A forma como uma criança acorda da anestesia depende muito da forma como adormeceu. Julgo que todos os pais já tiveram a experiência de uma criança que adormece a chorar, aborrecida com alguma coisa ou (mesmo sem ser a chorar) agarrada a um brinquedo. A primeira coisa que essa criança faz quando acorda é perguntar pelo brinquedo ou mesmo continuar a birra em que estava. O mesmo se procede com a indução anestésica. Se a criança adormece agitada, assustada com o que lhe está a acontecer, é muito provável que acorde da mesma forma, a chorar, a espernear, a bater em tudo à sua volta. Assim, é muito importante que os pais preparem a criança para o que vai acontecer no dia da cirurgia. Um conjunto de dicas (ou serão mais regras?) para tornar a cirurgia menos traumatizante.

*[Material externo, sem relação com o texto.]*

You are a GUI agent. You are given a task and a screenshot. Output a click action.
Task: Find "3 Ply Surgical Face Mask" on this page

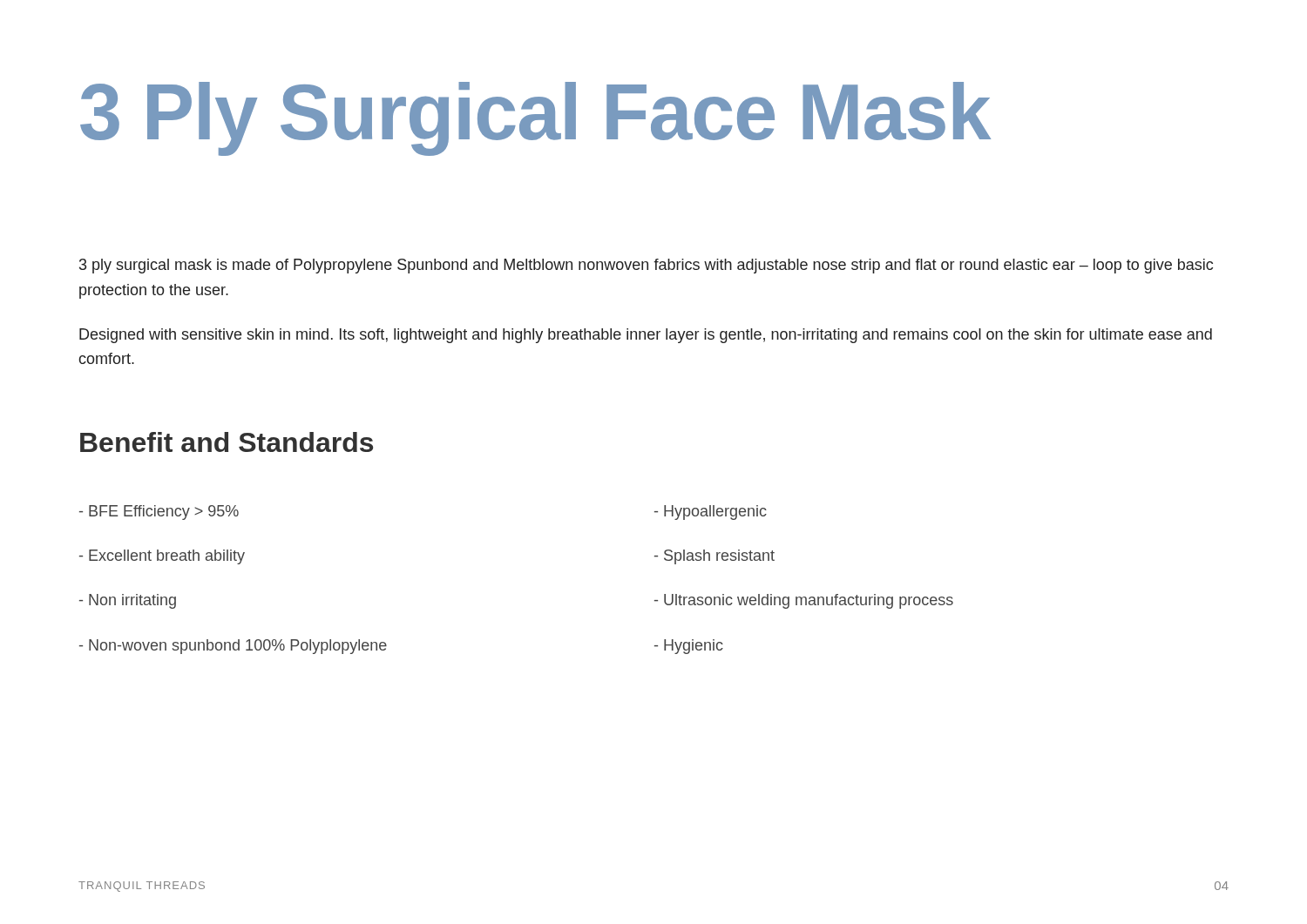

Primeira dica (neste caso, uma advertência), NUNCA mentir aos filhos. Uma coisa é fantasiar à volta do que vai acontecer – exemplo: vão te colocar uma pomada mágica nas mãos para não sentires a borboleta a picar. Outra coisa é mentir – exemplo: vens ali com o pai que eu é que vou ser operado. Imagine-se a ser despido numa sala cheia de monitores, luzinhas e alarmes a apitar por todo lado e ser levado por 2 ou 3 adultos de pijama. Imagine que a única pessoa com quem poderíamos contar lhe mentiu, atraiçoou-o e entrega-o para a mão destes desconhecidos. É o pânico. Mentir é feio. (Não é isso que ensina às crianças?)
[fonte: twitter.com/mghfc]
Segunda dica, crie um ambiente tranquilo e seguro para a criança. As crianças são colaborantes com os profissionais de saúde desde que se sintam seguros. É importante os pais estarem confiantes e não transparecer o nervosismo. A melhor forma de o fazer é esclarecendo todas as dúvidas previamente com o cirurgião e com o anestesista. A maioria dos mitos criados à volta da anestesia geram ansiedade escusada aos pais. Lembre-se que os pais são o ‘porto de abrigo’ dos filhos e, saber que podem contar com eles tranquiliza-os. Se os pais estão preparados para o que vai acontecer, podem até entrar na sala de operações e assistir à indução anestésica. Se os pais não são capazes (e não é vergonha nenhuma não o ser) ou o bloco operatório em questão não está preparado para essa dinâmica, a criança que se sente em segurança não se importa de ‘ir ali ao lado e voltar num instante’. Ainda no tema da confiança que se procura transmitir à criança, levar um boneco ou qualquer outro objecto de ligação/transição (aqui se incluem as chupetas) ajuda.
Terceiro, explique com antecedência. Dependendo da idade, mas sobretudo da maturidade de cada criança, é bom ir explicando nos dias anteriores o que vai acontecer: que vai haver luzes esquisitas, alarmes inesperados, gente vestida com pijamas esquisitos, etc. Não ser apanhado de surpresa no próprio dia, ajuda a não cair nos erros explicados no ponto um e ponto 2. Quem melhor que os pais para adaptarem a informação e a linguagem ao perfil dos seus filhos? Pode fazer teatrinhos com os ursos de peluche, pode fazer programas para fazerem juntos assim que saírem do hospital, podem ver vídeos na internet… Nesse sentido, parece-me bastante útil o vídeo que se segue do clube de anestesia regional (autoria de Rita Lopes).
Quarto, prepare a malinha com o seu filho. O pijama deverá ser fácil de vestir/despir. Preferir 100% algodão, pois as fibras poderão interferir com alguns dos aparelhos. Mas o mais importante é a criança achar-se bonita com ele. Não esquecer a escova de dentes e outros acessórios da higiene diária, principalmente se ficar internado. Deixe-o escolher um ou dois brinquedo.
Quinto, não esquecer do tempo de jejum. O jejum é fundamental para a anestesia decorrer de forma segura. Se o cirurgião não disse qual o tempo de jejum que quer, fique a saber que genericamente o tempo de jejum necessário após a ingestão de uma refeição por mais leve que seja, sólida ou líquida (o que inclui o leite de farmácia) são 6 horas; de leite materno são 4 horas. A criança pode beber líquidos translúcidos (água, chá com açúcar) em pequenas quantidade até 2 horas antes.
Sexto, trate atempadamente das burocracias. Informe-se atempadamente na escola e no seu emprego, que tipo de declaração, atestado, baixa e/ou certificado será necessário para o pós-operatório. No dia da cirurgia não se esqueça de o pedir ao cirurgião ou alguém da equipa, porque, no stress do acontecimento, às vezes os ‘papéis’ ficam esquecidos.